◆ TO DO ◆
Output the records precisely as they stand. Pictures are to be skipped.

◆ GIVEN DATA ◆
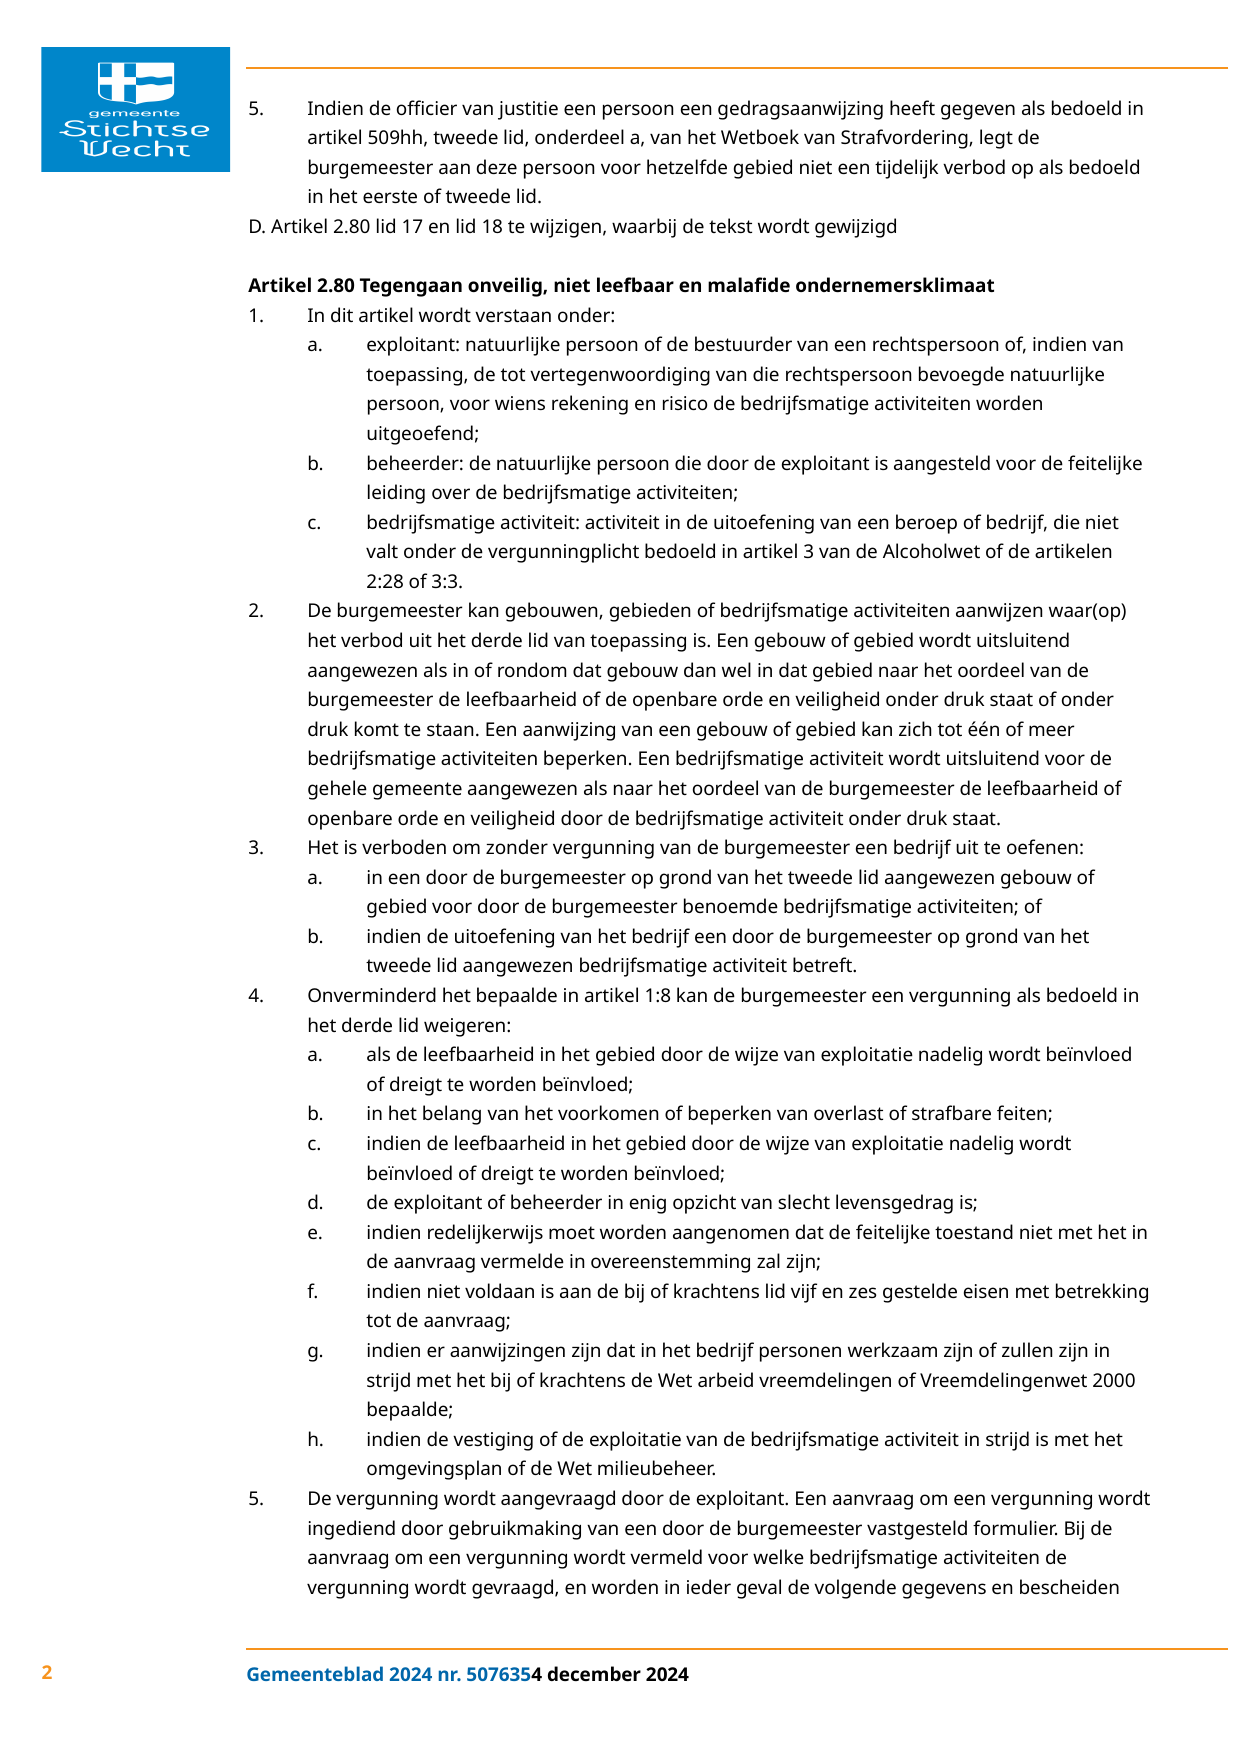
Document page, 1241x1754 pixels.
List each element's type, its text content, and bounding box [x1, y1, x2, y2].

list Onverminderd het bepaalde in artikel 1:8 kan de burgemeester een vergunning als bedoeld in het derde lid weigeren: [248, 982, 1152, 1038]
picture [99, 63, 135, 101]
list Het is verboden om zonder vergunning van de burgemeester een bedrijf uit te oefenen: [248, 834, 1152, 860]
list Indien de officier van justitie een persoon een gedragsaanwijzing heeft gegeven als bedoeld in artikel 509hh, tweede lid, onderdeel a, van het Wetboek van Strafvordering, legt de burgemeester aan deze persoon voor hetzelfde gebied niet een tijdelijk verbod op als bedoeld in het eerste of tweede lid. [248, 95, 1152, 209]
list exploitant: natuurlijke persoon of de bestuurder van een rechtspersoon of, indien van toepassing, de tot vertegenwoordiging van die rechtspersoon bevoegde natuurlijke persoon, voor wiens rekening en risico de bedrijfsmatige activiteiten worden uitgeoefend; [307, 331, 1152, 446]
list indien niet voldaan is aan de bij of krachtens lid vijf en zes gestelde eisen met betrekking tot de aanvraag; [307, 1278, 1152, 1333]
list De burgemeester kan gebouwen, gebieden of bedrijfsmatige activiteiten aanwijzen waar(op) het verbod uit het derde lid van toepassing is. Een gebouw of gebied wordt uitsluitend aangewezen als in of rondom dat gebouw dan wel in dat gebied naar het oordeel van de burgemeester de leefbaarheid of de openbare orde en veiligheid onder druk staat of onder druk komt te staan. Een aanwijzing van een gebouw of gebied kan zich tot één of meer bedrijfsmatige activiteiten beperken. Een bedrijfsmatige activiteit wordt uitsluitend voor de gehele gemeente aangewezen als naar het oordeel van de burgemeester de leefbaarheid of openbare orde en veiligheid door de bedrijfsmatige activiteit onder druk staat. [248, 598, 1152, 831]
text D. Artikel 2.80 lid 17 en lid 18 te wijzigen, waarbij de tekst wordt gewijzigd [248, 213, 1152, 239]
list indien er aanwijzingen zijn dat in het bedrijf personen werkzaam zijn of zullen zijn in strijd met het bij of krachtens de Wet arbeid vreemdelingen of Vreemdelingenwet 2000 bepaalde; [307, 1337, 1152, 1422]
list de exploitant of beheerder in enig opzicht van slecht levensgedrag is; [307, 1189, 1152, 1215]
list in het belang van het voorkomen of beperken van overlast of strafbare feiten; [307, 1101, 1152, 1126]
list In dit artikel wordt verstaan onder: [248, 302, 1152, 328]
list indien de vestiging of de exploitatie van de bedrijfsmatige activiteit in strijd is met het omgevingsplan of de Wet milieubeheer. [307, 1426, 1152, 1481]
picture [137, 63, 174, 103]
list bedrijfsmatige activiteit: activiteit in de uitoefening van een beroep of bedrijf, die niet valt onder de vergunningplicht bedoeld in artikel 3 van de Alcoholwet of de artikelen 2:28 of 3:3. [307, 509, 1152, 594]
list als de leefbaarheid in het gebied door de wijze van exploitatie nadelig wordt beïnvloed of dreigt te worden beïnvloed; [307, 1041, 1152, 1097]
list indien redelijkerwijs moet worden aangenomen dat de feitelijke toestand niet met het in de aanvraag vermelde in overeenstemming zal zijn; [307, 1219, 1152, 1274]
list De vergunning wordt aangevraagd door de exploitant. Een aanvraag om een vergunning wordt ingediend door gebruikmaking van een door de burgemeester vastgesteld formulier. Bij de aanvraag om een vergunning wordt vermeld voor welke bedrijfsmatige activiteiten de vergunning wordt gevraagd, en worden in ieder geval de volgende gegevens en bescheiden [248, 1485, 1152, 1600]
text Artikel 2.80 Tegengaan onveilig, niet leefbaar en malafide ondernemersklimaat [248, 272, 1152, 298]
list indien de uitoefening van het bedrijf een door de burgemeester op grond van het tweede lid aangewezen bedrijfsmatige activiteit betreft. [307, 923, 1152, 978]
list beheerder: de natuurlijke persoon die door de exploitant is aangesteld voor de feitelijke leiding over de bedrijfsmatige activiteiten; [307, 450, 1152, 505]
list indien de leefbaarheid in het gebied door de wijze van exploitatie nadelig wordt beïnvloed of dreigt te worden beïnvloed; [307, 1130, 1152, 1186]
list in een door de burgemeester op grond van het tweede lid aangewezen gebouw of gebied voor door de burgemeester benoemde bedrijfsmatige activiteiten; of [307, 864, 1152, 919]

◆ ANSWER AREA ◆
Document page, 1241x1754 pixels.
List each element's type, its text content, and bounding box [x1, y1, x2, y2].

list Onverminderd het bepaalde in artikel 1:8 kan de burgemeester een vergunning als bedoeld in het derde lid weigeren: [248, 982, 1152, 1038]
picture [99, 63, 135, 101]
list Het is verboden om zonder vergunning van de burgemeester een bedrijf uit te oefenen: [248, 834, 1152, 860]
list Indien de officier van justitie een persoon een gedragsaanwijzing heeft gegeven als bedoeld in artikel 509hh, tweede lid, onderdeel a, van het Wetboek van Strafvordering, legt de burgemeester aan deze persoon voor hetzelfde gebied niet een tijdelijk verbod op als bedoeld in het eerste of tweede lid. [248, 95, 1152, 209]
list exploitant: natuurlijke persoon of de bestuurder van een rechtspersoon of, indien van toepassing, de tot vertegenwoordiging van die rechtspersoon bevoegde natuurlijke persoon, voor wiens rekening en risico de bedrijfsmatige activiteiten worden uitgeoefend; [307, 331, 1152, 446]
list indien niet voldaan is aan de bij of krachtens lid vijf en zes gestelde eisen met betrekking tot de aanvraag; [307, 1278, 1152, 1333]
list De burgemeester kan gebouwen, gebieden of bedrijfsmatige activiteiten aanwijzen waar(op) het verbod uit het derde lid van toepassing is. Een gebouw of gebied wordt uitsluitend aangewezen als in of rondom dat gebouw dan wel in dat gebied naar het oordeel van de burgemeester de leefbaarheid of de openbare orde en veiligheid onder druk staat of onder druk komt te staan. Een aanwijzing van een gebouw of gebied kan zich tot één of meer bedrijfsmatige activiteiten beperken. Een bedrijfsmatige activiteit wordt uitsluitend voor de gehele gemeente aangewezen als naar het oordeel van de burgemeester de leefbaarheid of openbare orde en veiligheid door de bedrijfsmatige activiteit onder druk staat. [248, 598, 1152, 831]
text D. Artikel 2.80 lid 17 en lid 18 te wijzigen, waarbij de tekst wordt gewijzigd [248, 213, 1152, 239]
list indien er aanwijzingen zijn dat in het bedrijf personen werkzaam zijn of zullen zijn in strijd met het bij of krachtens de Wet arbeid vreemdelingen of Vreemdelingenwet 2000 bepaalde; [307, 1337, 1152, 1422]
list de exploitant of beheerder in enig opzicht van slecht levensgedrag is; [307, 1189, 1152, 1215]
list in het belang van het voorkomen of beperken van overlast of strafbare feiten; [307, 1101, 1152, 1126]
list In dit artikel wordt verstaan onder: [248, 302, 1152, 328]
list indien de vestiging of de exploitatie van de bedrijfsmatige activiteit in strijd is met het omgevingsplan of de Wet milieubeheer. [307, 1426, 1152, 1481]
picture [137, 63, 174, 103]
list bedrijfsmatige activiteit: activiteit in de uitoefening van een beroep of bedrijf, die niet valt onder de vergunningplicht bedoeld in artikel 3 van de Alcoholwet of de artikelen 2:28 of 3:3. [307, 509, 1152, 594]
list als de leefbaarheid in het gebied door de wijze van exploitatie nadelig wordt beïnvloed of dreigt te worden beïnvloed; [307, 1041, 1152, 1097]
list indien redelijkerwijs moet worden aangenomen dat de feitelijke toestand niet met het in de aanvraag vermelde in overeenstemming zal zijn; [307, 1219, 1152, 1274]
list De vergunning wordt aangevraagd door de exploitant. Een aanvraag om een vergunning wordt ingediend door gebruikmaking van een door de burgemeester vastgesteld formulier. Bij de aanvraag om een vergunning wordt vermeld voor welke bedrijfsmatige activiteiten de vergunning wordt gevraagd, en worden in ieder geval de volgende gegevens en bescheiden [248, 1485, 1152, 1600]
text Artikel 2.80 Tegengaan onveilig, niet leefbaar en malafide ondernemersklimaat [248, 272, 1152, 298]
list indien de uitoefening van het bedrijf een door de burgemeester op grond van het tweede lid aangewezen bedrijfsmatige activiteit betreft. [307, 923, 1152, 978]
list beheerder: de natuurlijke persoon die door de exploitant is aangesteld voor de feitelijke leiding over de bedrijfsmatige activiteiten; [307, 450, 1152, 505]
list indien de leefbaarheid in het gebied door de wijze van exploitatie nadelig wordt beïnvloed of dreigt te worden beïnvloed; [307, 1130, 1152, 1186]
list in een door de burgemeester op grond van het tweede lid aangewezen gebouw of gebied voor door de burgemeester benoemde bedrijfsmatige activiteiten; of [307, 864, 1152, 919]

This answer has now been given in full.